The hum of the vending machine filled the room.
“I’ll kill this language,” he said finally. “Whatever calls I have to make. You have my word.”
“I believe you,” she said grudgingly.
He looked down at the memo.
“You’re not going to… write that I was behind it anyway, are you?” he asked.
She almost smiled.
“No,” she said. “I’m going to write that the city tried to sneak in a poison pill, and that you, surprisingly, swallowed part of the antidote.”
He snorted. “Your metaphors are getting more violent.”
“You bring it out in me,” she said.
He studied her face.
“You okay?” he asked quietly.
“No,” she said. “But I will be.”
He hesitated.
“Can I… ask you something?” he said.
“Always,” she said, weary.
“If… if this story ends soon,” he said. “If the bill passes, the grid stabilizes, the cameras move on… and if ethics does pull you off this beat… would you… consider…?”
She knew what he was asking.
“Us,” she said softly.
“Yeah,” he said.
She swallowed.
“We have a grace period,” she said. “That was the deal.

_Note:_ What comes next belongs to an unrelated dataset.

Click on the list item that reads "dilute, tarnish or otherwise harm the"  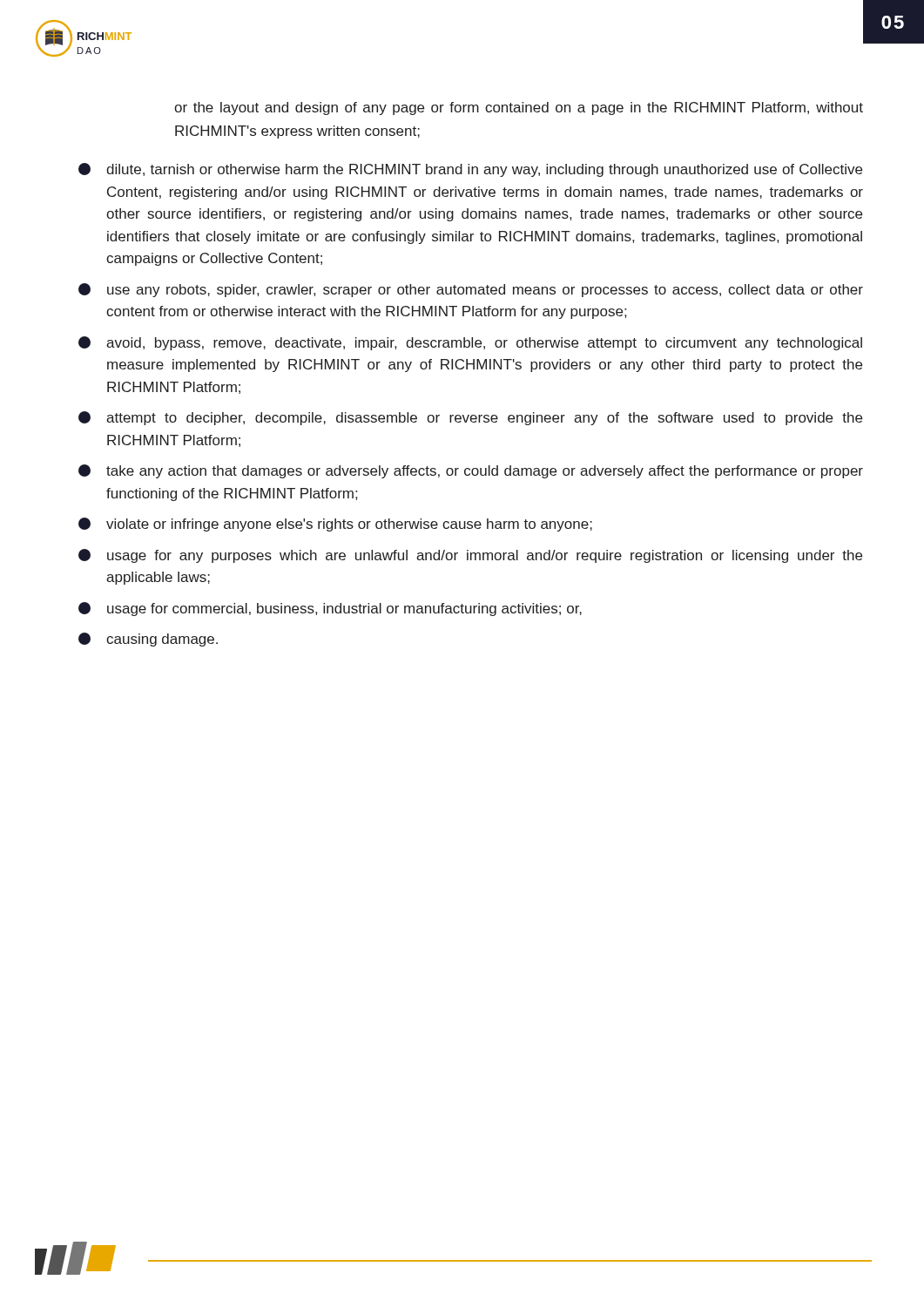471,214

We don’t decide until things are… less on fire.”
He nodded.
“Right,” he said. “I just… every day, it feels like there’s another reason for you to walk away.”
“Every day, there’s another reason for you to run toward your servers,” she retorted. “We’re both stuck in loops.”
“Maybe we can… refactor,” he said.
She sighed.
“Stop turning my emotional life into a codebase,” she said. “It’s creepy.”
He laughed, a ragged sound.
“Sorry,” he said. “Occupational hazard.”
She packed up her notebook, slid the memo back into her bag.
“Thank you,” she said, surprising herself.
“For what?” he asked.
“For not… taking the easy out,” she said. “Even when it would make my job simpler to call you the villain.”
He smiled, tired.
“I don’t want to make your job *too* easy,” he said. “Then what would you do with all that rage?”
“Drink,” she said.
He sobered.
“Don’t,” he said softly. “You’re… more than your anger.”
She looked at him.
“You, too,” she said.
They walked out into the cold.
At the center’s door, he hesitated.
“Olivia,” he said.
“Yeah,” she said.
“If this leak blows back on you… if someone tries to say you’re… biased because you ‘went easy on me’—” his mouth twisted on the phrase, “—I’ll go on record. Say you pushed harder than anyone.”
“I can handle my own reputational damage,” she said.
“I know,” he said. “But… fault tolerance, remember? Backups.”
Her chest warmed, despite the chill.
“Go home, Jake,” she said. “Sleep.”
“You too,” he said.
She watched him walk down the block, shoulders hunched against the wind.
In her pocket, her phone buzzed.
A new email.
Subject: **Ethics Committee Meeting – Thursday**
Her stomach dropped.
This, she realized, as she hit the icy sidewalk, was what load felt like.
When every system—grid, paper, body, heart—was pushed right to the edge of what it could handle.
Fault tolerance could only take you so far.
At some point, something had to give.